Anyone remember Colgan 3407? That First Officer mentioned flying sick because they didn't want to pay for a hotel room.

If an American Eagle pilot commutes home anyway they could have their travel privileges revoked meaning they can't commute to work on American Airlines or American Eagle. Management can easily track a crew member even if they fly on another airline.

This industry is in a tailspin. I've already told my wife I am prepared to exit if I'm forced to work for less money than I expected when I joined my airline. She supports me. I love my job. I love flying....but I will not do it for sub poverty wages.

Good luck Expressjet and Eagle. The results will be known January 14th for BOTH airlines.



  1. Hold the line Geek! Full pay to the last day!

  2. Supply and Demand

    Problem is that supply of pilots is governed by by the number of kids fascinated by shiny air planes but have no idea of how they will be squished by their future employer.

    And demand for seats is governed by - well by how many customers can see and

    advantage in by a ticket.

    As long as supply is not guided by the real prospects of Return on Investment, the airlines can get away with it. And it is unlikely to change.

  3. I came across this blog right when Geek started it. I was in flight school and was
    absolutely obsessed with flying and working towards joining the airlines. I started commenting on the blog and emailing Geek, and he was kind enough to offer advice and put up with my dumb questions. Eventually, he was even
    nice enough to help me get hired. A few things happened and, long story short, I ended up working somewhere else. But, what I learned on this blog and talking to Geek really helped me understand the ins and outs of working for an airline, and really put me ahead of the game. I still come by the blog and see what’s going on.

    The situation is really unfortunate. I love my job. I like the flying, the airplane, the
    overnights, the people I work with. That’s what’s such a shame. It’s a great job. But the fact that pilots are being pressured to take pay and quality of life cuts to compensate for incompetent management is down right ridiculous. We’re pilots.
    We fly the planes where they tell us. That’s it. We have no control over our operation. It’s not our place to worry about getting and securing more flying. It’s management’s job, not ours. I absolutely will not take hits to pick up their slack.

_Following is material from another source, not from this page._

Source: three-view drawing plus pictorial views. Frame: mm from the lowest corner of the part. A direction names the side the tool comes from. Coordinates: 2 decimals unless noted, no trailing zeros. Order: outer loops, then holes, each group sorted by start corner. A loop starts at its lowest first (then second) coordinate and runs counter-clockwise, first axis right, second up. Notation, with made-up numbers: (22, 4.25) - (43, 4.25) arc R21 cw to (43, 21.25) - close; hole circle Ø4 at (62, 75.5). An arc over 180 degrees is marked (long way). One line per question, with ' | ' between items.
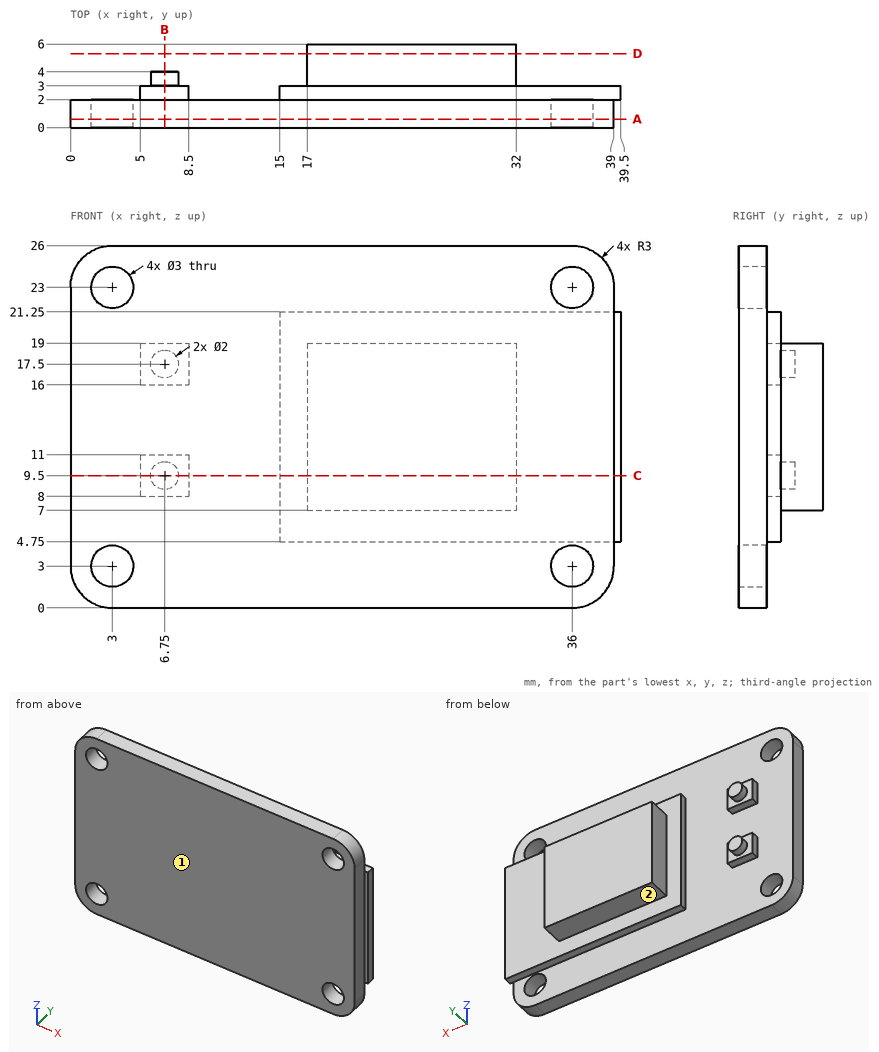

    The regional industry is such a mess it’s unbelievable. The large companies that have historically been good to work for, like American Eagle and ExpressJet, are the ones that are being hit, because they’re more expensive. And the mainline airlines contracting the regionals only care about how cheap they can get feed, not the quality that Eagle and Express used to be known for. They just can’t compete.

    Special thanks to PSA for lowering the bar for everybody else. Hope they enjoy their shiny new "American Eagle" jets.

    Good luck everybody.

    - C

  4. Blogs like this, forums, countless hours of research, and agonizing led me to never take on another dime of debt for flight training. Once I get some money saved, I'm going to continue my ratings at a nice large towered flight school (not a big name school), with good rental rates, a few multi's, and a credit card I get points on (paid off in full every month). Since I work a day job, this is very doable.. If more people took this route, management wouldn't have anyone left to abuse. With 0 debt, I can walk away from any bad situation. Thank you for your insight and honesty.. It really helps out a lot of people. This advice can apply to any career field.. If you are out of debt and keep your obligations to a minimum, they have almost no power over you. Ultimately your risk tolerance goes way up (to take chances with other jobs, companies, whatever), and hopefully the rewards can go up along with it! I hope everything works out for you.. you deserve it.. Hang in there, hopefully once this tornado passes, things get better for everyone.